It occurs to me that teaching biostatistics is something like teaching children good behavior. You start out by teaching kids black-and-white rules, like “don’t lie” and “don’t hit your sister.” And it’s only later that kids learn that good behavior often isn’t black-and-white. Sometimes it’s not only ok to lie (or to hit your sister!), it’s positively a good idea, morally. Heck, there are lots of tricky moral situations that you aren’t even taught about at all until you’re older. And that’s without even getting into competing, mutually-incompatible philosophies as to what good behavior consists of, and what makes it good! So you tell me–what should we be teaching our “kids” about biostatistics if we want to start them down the road towards responsible “adulthood”? (“Don’t
hit your sister fail to correct for multiple comparisons!”)

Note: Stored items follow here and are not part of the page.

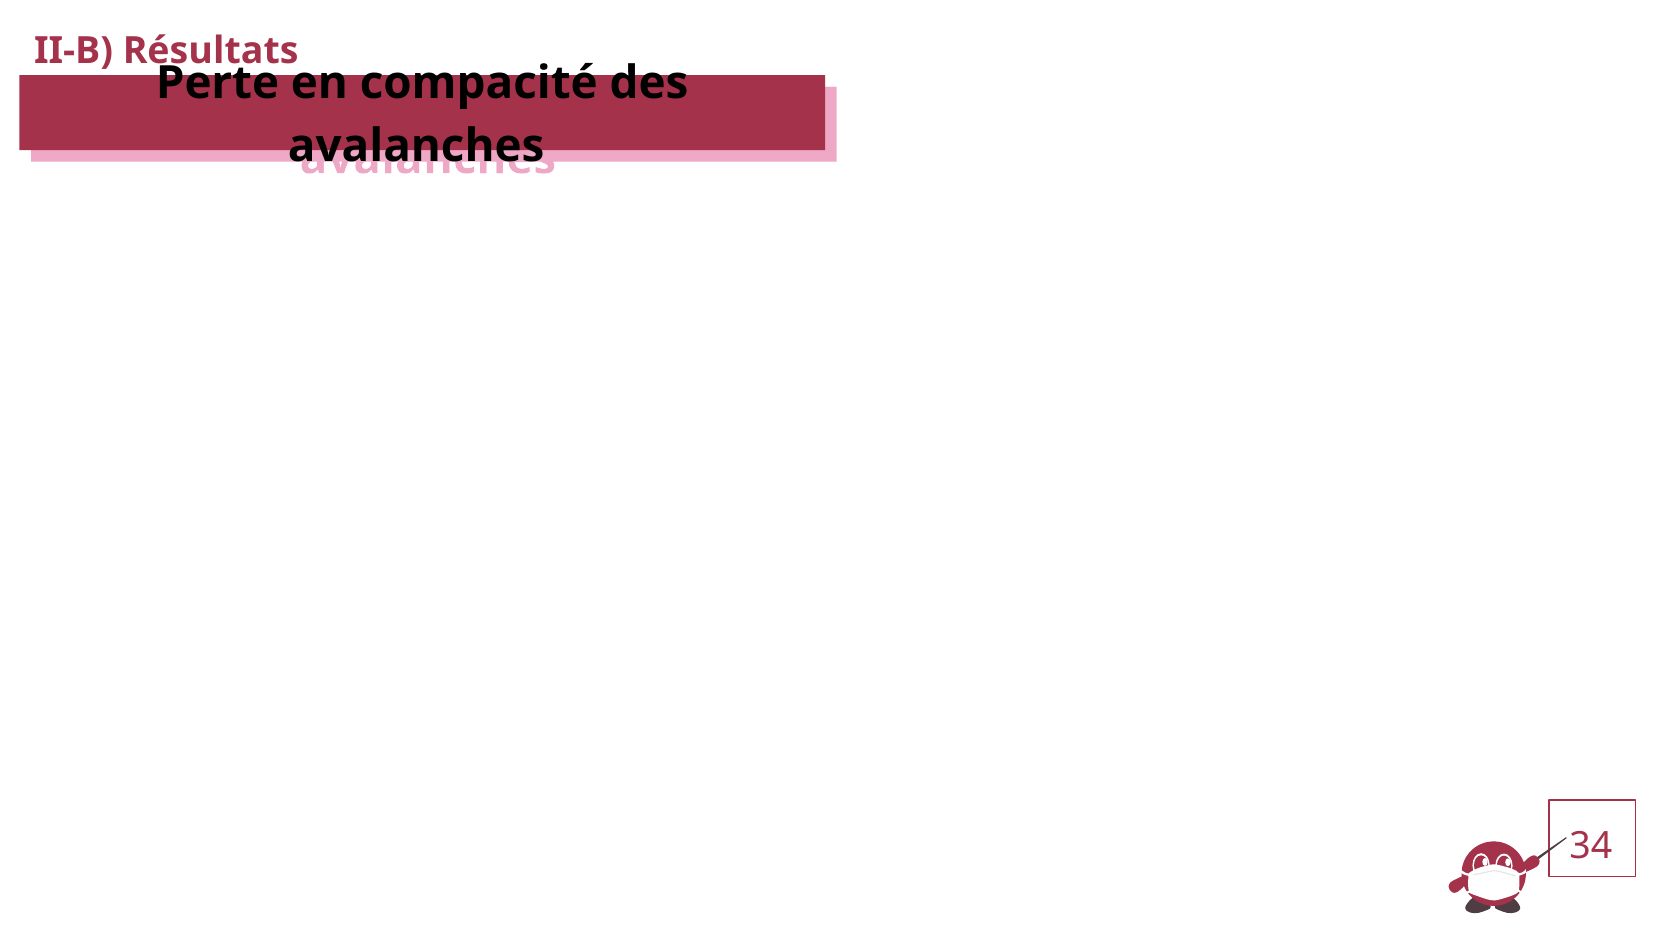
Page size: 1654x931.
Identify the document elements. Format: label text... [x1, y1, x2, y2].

text_box II-B) Résultats [19, 16, 1238, 76]
text_box Perte en compacité des avalanches [19, 76, 826, 151]
picture [1448, 799, 1637, 914]
text_box [1492, 811, 1654, 887]
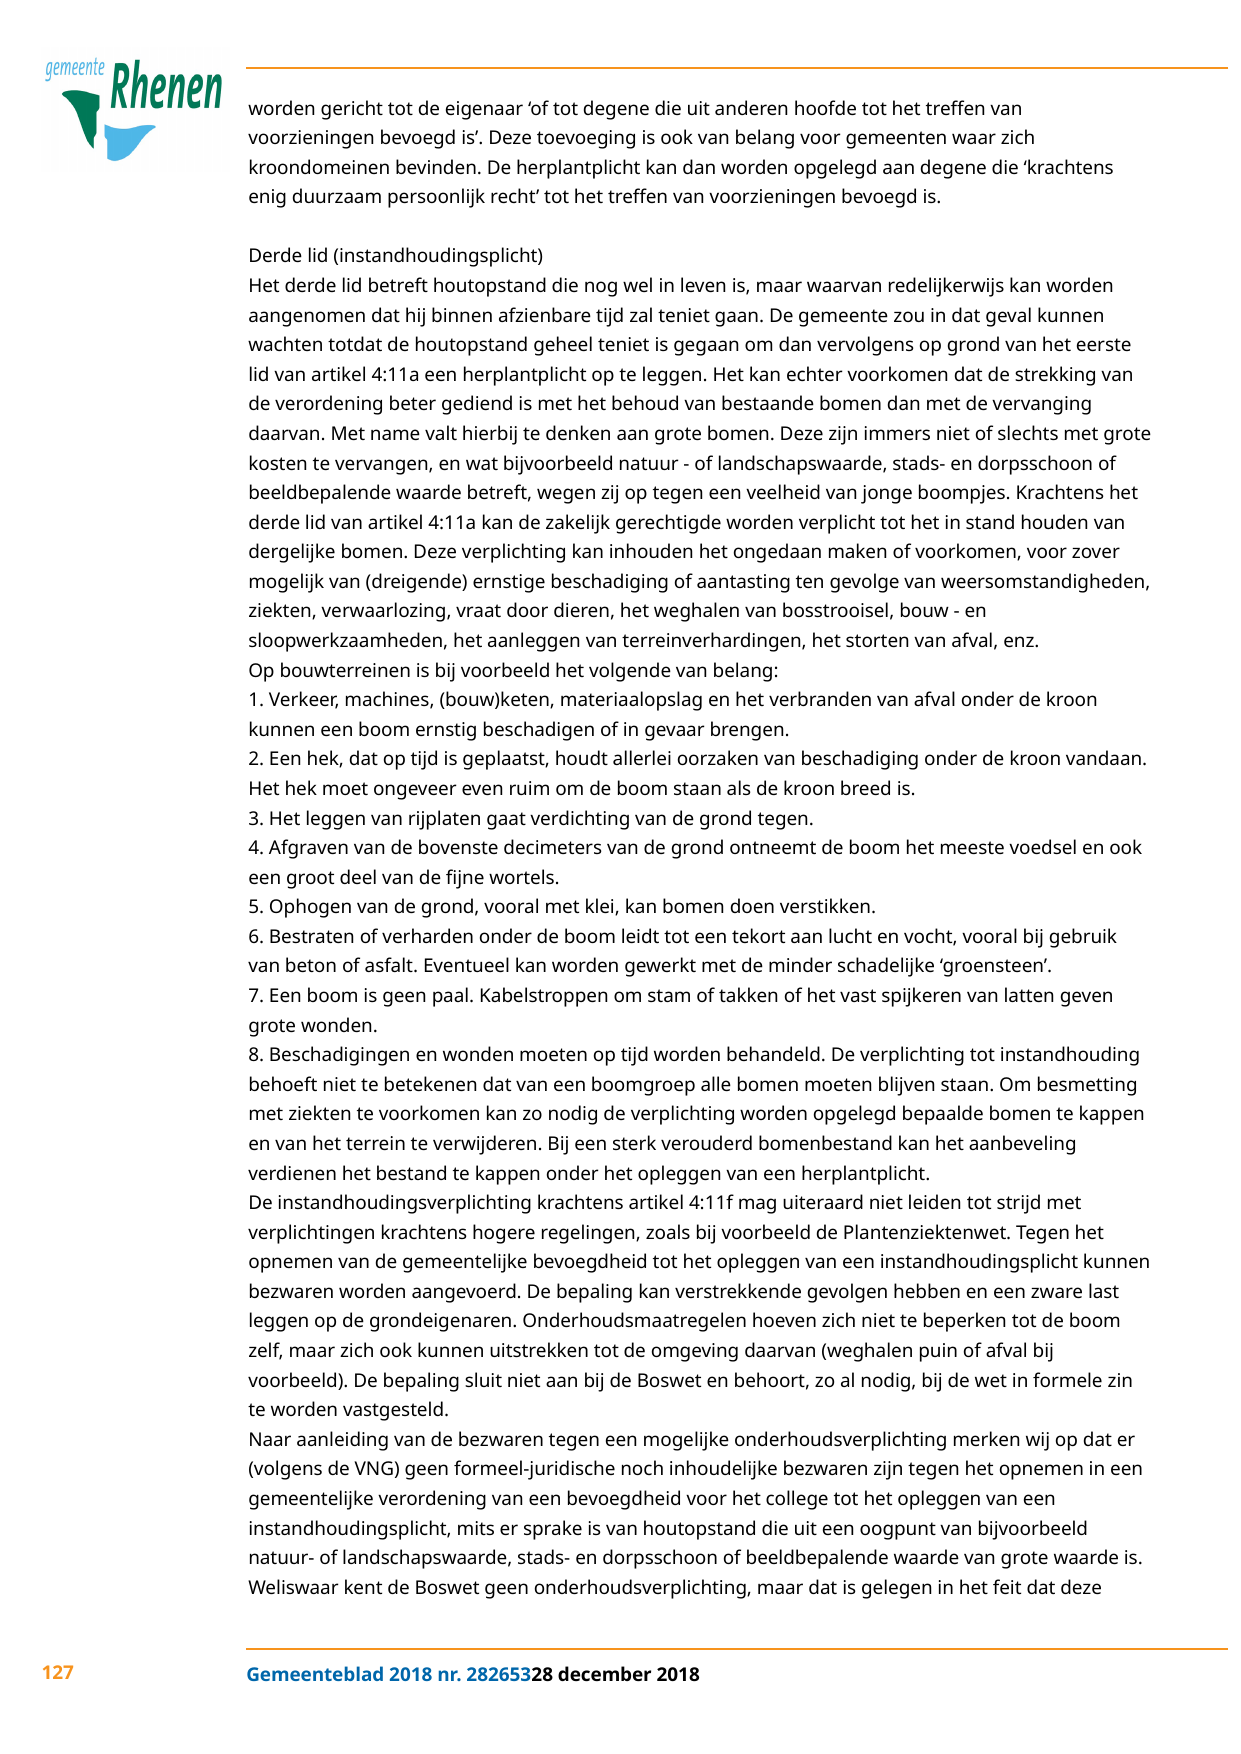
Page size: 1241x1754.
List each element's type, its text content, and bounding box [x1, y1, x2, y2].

text 8. Beschadigingen en wonden moeten op tijd worden behandeld. De verplichting tot instandhouding behoeft niet te betekenen dat van een boomgroep alle bomen moeten blijven staan. Om besmetting met ziekten te voorkomen kan zo nodig de verplichting worden opgelegd bepaalde bomen te kappen en van het terrein te verwijderen. Bij een sterk verouderd bomenbestand kan het aanbeveling verdienen het bestand te kappen onder het opleggen van een herplantplicht. [248, 1041, 1152, 1186]
text Derde lid (instandhoudingsplicht) [248, 243, 1152, 268]
picture [41, 47, 231, 172]
text 7. Een boom is geen paal. Kabelstroppen om stam of takken of het vast spijkeren van latten geven grote wonden. [248, 982, 1152, 1038]
text 1. Verkeer, machines, (bouw)keten, materiaalopslag en het verbranden van afval onder de kroon kunnen een boom ernstig beschadigen of in gevaar brengen. [248, 686, 1152, 742]
text Het derde lid betreft houtopstand die nog wel in leven is, maar waarvan redelijkerwijs kan worden aangenomen dat hij binnen afzienbare tijd zal teniet gaan. De gemeente zou in dat geval kunnen wachten totdat de houtopstand geheel teniet is gegaan om dan vervolgens op grond van het eerste lid van artikel 4:11a een herplantplicht op te leggen. Het kan echter voorkomen dat de strekking van de verordening beter gediend is met het behoud van bestaande bomen dan met de vervanging daarvan. Met name valt hierbij te denken aan grote bomen. Deze zijn immers niet of slechts met grote kosten te vervangen, en wat bijvoorbeeld natuur - of landschapswaarde, stads- en dorpsschoon of beeldbepalende waarde betreft, wegen zij op tegen een veelheid van jonge boompjes. Krachtens het derde lid van artikel 4:11a kan de zakelijk gerechtigde worden verplicht tot het in stand houden van dergelijke bomen. Deze verplichting kan inhouden het ongedaan maken of voorkomen, voor zover mogelijk van (dreigende) ernstige beschadiging of aantasting ten gevolge van weersomstandigheden, ziekten, verwaarlozing, vraat door dieren, het weghalen van bosstrooisel, bouw - en sloopwerkzaamheden, het aanleggen van terreinverhardingen, het storten van afval, enz. [248, 272, 1152, 653]
text De instandhoudingsverplichting krachtens artikel 4:11f mag uiteraard niet leiden tot strijd met verplichtingen krachtens hogere regelingen, zoals bij voorbeeld de Plantenziektenwet. Tegen het opnemen van de gemeentelijke bevoegdheid tot het opleggen van een instandhoudingsplicht kunnen bezwaren worden aangevoerd. De bepaling kan verstrekkende gevolgen hebben en een zware last leggen op de grondeigenaren. Onderhoudsmaatregelen hoeven zich niet te beperken tot de boom zelf, maar zich ook kunnen uitstrekken tot de omgeving daarvan (weghalen puin of afval bij voorbeeld). De bepaling sluit niet aan bij de Boswet en behoort, zo al nodig, bij de wet in formele zin te worden vastgesteld. [248, 1189, 1152, 1422]
text 2. Een hek, dat op tijd is geplaatst, houdt allerlei oorzaken van beschadiging onder de kroon vandaan. Het hek moet ongeveer even ruim om de boom staan als de kroon breed is. [248, 746, 1152, 801]
text Naar aanleiding van de bezwaren tegen een mogelijke onderhoudsverplichting merken wij op dat er (volgens de VNG) geen formeel-juridische noch inhoudelijke bezwaren zijn tegen het opnemen in een gemeentelijke verordening van een bevoegdheid voor het college tot het opleggen van een instandhoudingsplicht, mits er sprake is van houtopstand die uit een oogpunt van bijvoorbeeld natuur- of landschapswaarde, stads- en dorpsschoon of beeldbepalende waarde van grote waarde is. Weliswaar kent de Boswet geen onderhoudsverplichting, maar dat is gelegen in het feit dat deze [248, 1426, 1152, 1600]
text 4. Afgraven van de bovenste decimeters van de grond ontneemt de boom het meeste voedsel en ook een groot deel van de fijne wortels. [248, 834, 1152, 890]
text Op bouwterreinen is bij voorbeeld het volgende van belang: [248, 657, 1152, 683]
text 3. Het leggen van rijplaten gaat verdichting van de grond tegen. [248, 805, 1152, 831]
text 6. Bestraten of verharden onder de boom leidt tot een tekort aan lucht en vocht, vooral bij gebruik van beton of asfalt. Eventueel kan worden gewerkt met de minder schadelijke ‘groensteen’. [248, 923, 1152, 978]
text 5. Ophogen van de grond, vooral met klei, kan bomen doen verstikken. [248, 893, 1152, 919]
text worden gericht tot de eigenaar ‘of tot degene die uit anderen hoofde tot het treffen van voorzieningen bevoegd is’. Deze toevoeging is ook van belang voor gemeenten waar zich kroondomeinen bevinden. De herplantplicht kan dan worden opgelegd aan degene die ‘krachtens enig duurzaam persoonlijk recht’ tot het treffen van voorzieningen bevoegd is. [248, 95, 1152, 209]
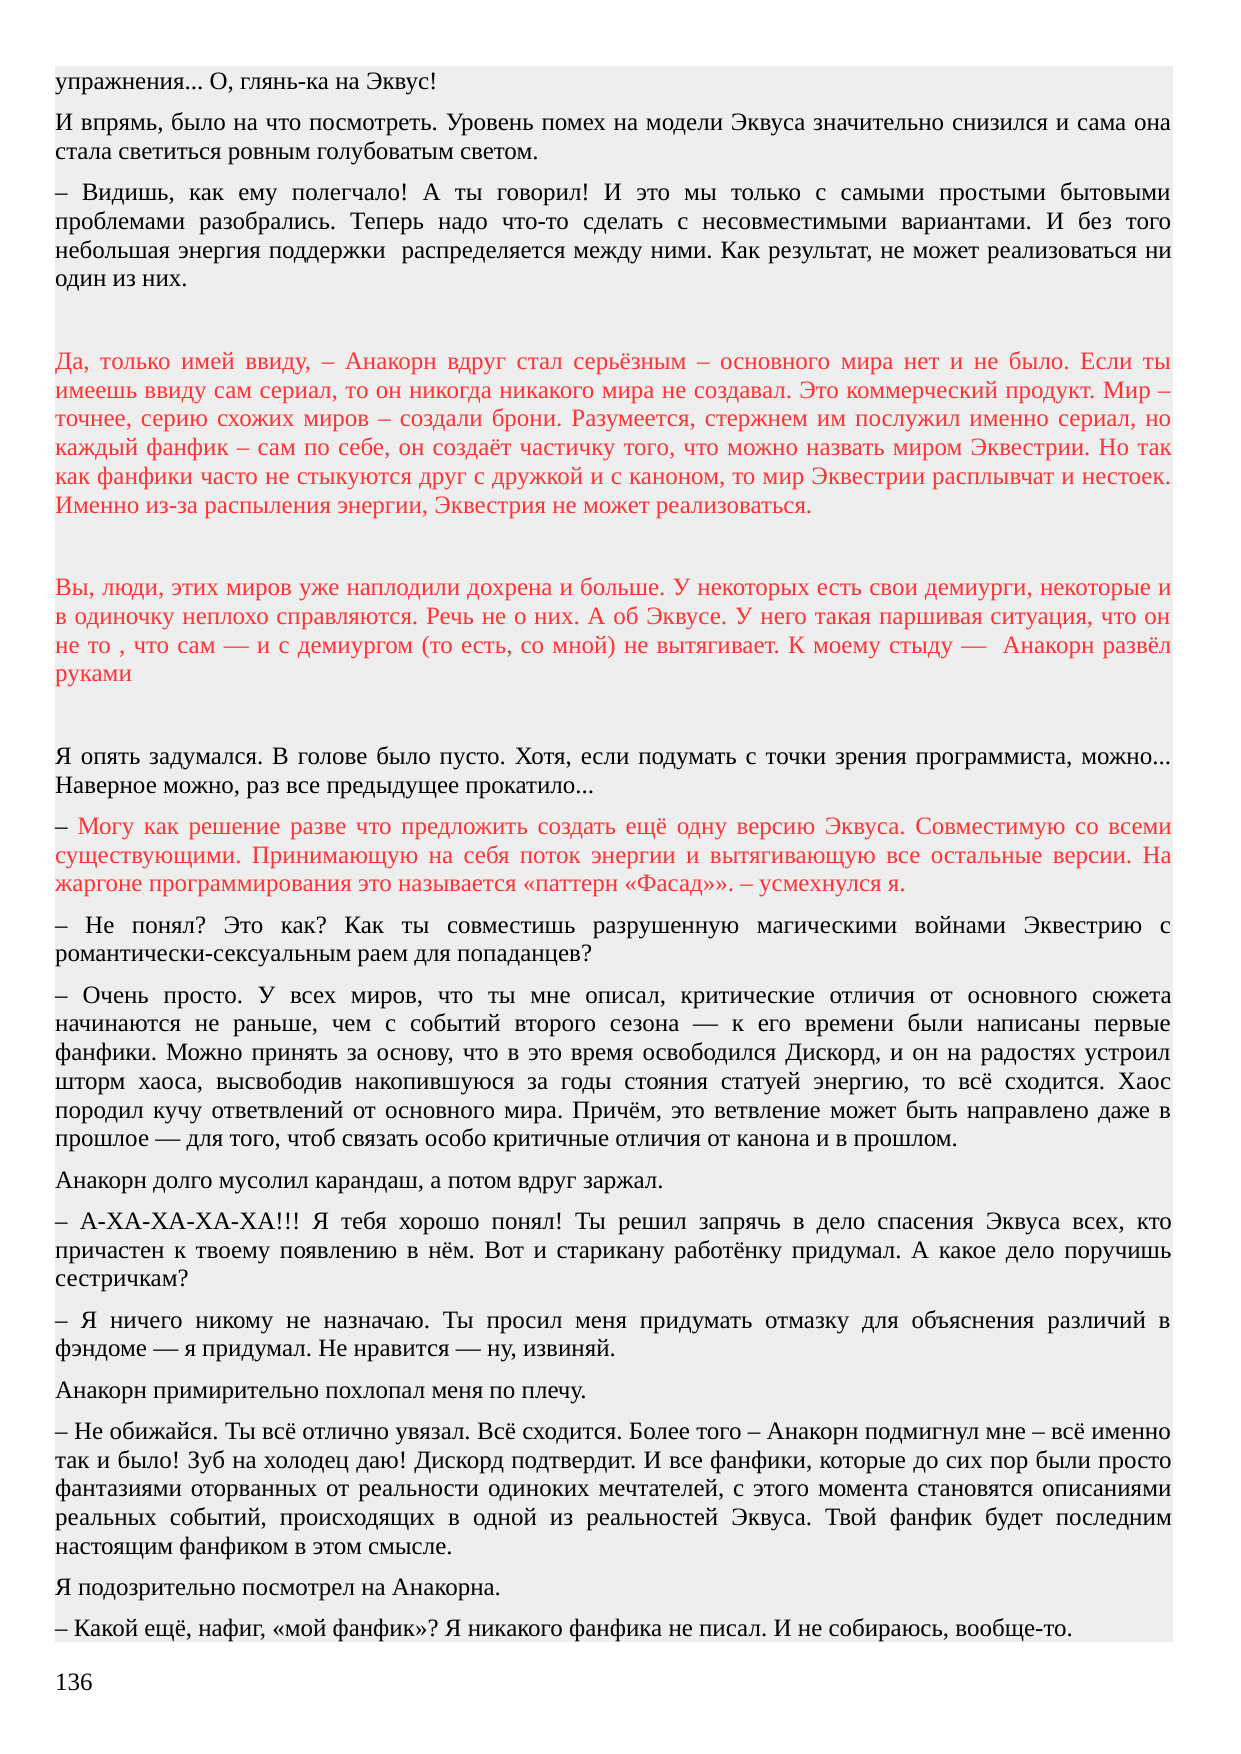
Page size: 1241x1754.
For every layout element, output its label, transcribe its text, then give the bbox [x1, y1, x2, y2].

text – Не понял? Это как? Как ты совместишь разрушенную магическими войнами Эквестрию с романтически-сексуальным раем для попаданцев? [55, 910, 1173, 967]
text Вы, люди, этих миров уже наплодили дохрена и больше. У некоторых есть свои демиурги, некоторые и в одиночку неплохо справляются. Речь не о них. А об Эквусе. У него такая паршивая ситуация, что он не то , что сам — и с демиургом (то есть, со мной) не вытягивает. К моему стыду — Анакорн развёл руками [55, 572, 1173, 687]
text Да, только имей ввиду, – Анакорн вдруг стал серьёзным – основного мира нет и не было. Если ты имеешь ввиду сам сериал, то он никогда никакого мира не создавал. Это коммерческий продукт. Мир – точнее, серию схожих миров – создали брони. Разумеется, стержнем им послужил именно сериал, но каждый фанфик – сам по себе, он создаёт частичку того, что можно назвать миром Эквестрии. Но так как фанфики часто не стыкуются друг с дружкой и с каноном, то мир Эквестрии расплывчат и нестоек. Именно из-за распыления энергии, Эквестрия не может реализоваться. [55, 346, 1173, 518]
text – А-ХА-ХА-ХА-ХА!!! Я тебя хорошо понял! Ты решил запрячь в дело спасения Эквуса всех, кто причастен к твоему появлению в нём. Вот и старикану работёнку придумал. А какое дело поручишь сестричкам? [55, 1206, 1173, 1292]
text – Видишь, как ему полегчало! А ты говорил! И это мы только с самыми простыми бытовыми проблемами разобрались. Теперь надо что-то сделать с несовместимыми вариантами. И без того небольшая энергия поддержки распределяется между ними. Как результат, не может реализоваться ни один из них. [55, 177, 1173, 292]
text Я подозрительно посмотрел на Анакорна. [55, 1572, 1173, 1601]
text Анакорн примирительно похлопал меня по плечу. [55, 1375, 1173, 1403]
text Анакорн долго мусолил карандаш, а потом вдруг заржал. [55, 1165, 1173, 1193]
text – Не обижайся. Ты всё отлично увязал. Всё сходится. Более того – Анакорн подмигнул мне – всё именно так и было! Зуб на холодец даю! Дискорд подтвердит. И все фанфики, которые до сих пор были просто фантазиями оторванных от реальности одиноких мечтателей, с этого момента становятся описаниями реальных событий, происходящих в одной из реальностей Эквуса. Твой фанфик будет последним настоящим фанфиком в этом смысле. [55, 1416, 1173, 1560]
text – Могу как решение разве что предложить создать ещё одну версию Эквуса. Совместимую со всеми существующими. Принимающую на себя поток энергии и вытягивающую все остальные версии. На жаргоне программирования это называется «паттерн «Фасад»». – усмехнулся я. [55, 811, 1173, 897]
text Я опять задумался. В голове было пусто. Хотя, если подумать с точки зрения программиста, можно... Наверное можно, раз все предыдущее прокатило... [55, 741, 1173, 798]
text – Я ничего никому не назначаю. Ты просил меня придумать отмазку для объяснения различий в фэндоме — я придумал. Не нравится — ну, извиняй. [55, 1305, 1173, 1362]
text – Очень просто. У всех миров, что ты мне описал, критические отличия от основного сюжета начинаются не раньше, чем с событий второго сезона — к его времени были написаны первые фанфики. Можно принять за основу, что в это время освободился Дискорд, и он на радостях устроил шторм хаоса, высвободив накопившуюся за годы стояния статуей энергию, то всё сходится. Хаос породил кучу ответвлений от основного мира. Причём, это ветвление может быть направлено даже в прошлое — для того, чтоб связать особо критичные отличия от канона и в прошлом. [55, 980, 1173, 1152]
text – Какой ещё, нафиг, «мой фанфик»? Я никакого фанфика не писал. И не собираюсь, вообще-то. [55, 1613, 1173, 1642]
text И впрямь, было на что посмотреть. Уровень помех на модели Эквуса значительно снизился и сама она стала светиться ровным голубоватым светом. [55, 107, 1173, 165]
text упражнения... О, глянь-ка на Эквус! [55, 66, 1173, 95]

*Hurlbert actually thinks Sokal & Rohlf should’ve based their book on what Hurlbert calls the “neoFisherian” approach. I confess I’d never heard the term “neoFisherian”, which is Hurlbert’s own recent coinage. Hurlbert has a 2009 paper if you want to find out what he means by “neoFisherian” and why he thinks Neyman-Pearson hypothesis testing is so outdated that it should no longer be taught (UPDATE: link fixed). As far as I can tell, what Hurlbert means by “neoFisherian” doesn’t sound too far from Deborah Mayo’s notion of “error statistics” (which itself is actually not all that far from Neyman-Pearson, or even from some forms of Bayesianism). But it’s a little hard to tell because much of Hurlbert’s paper focuses on what seem to me to be rather nit-picky details of current practice (like conventions for reporting P values). Anyway, I think it would’ve been helpful for Hurlbert to briefly elaborate his own philosophy in his review, rather than just refer to it using a term of his own recent coinage.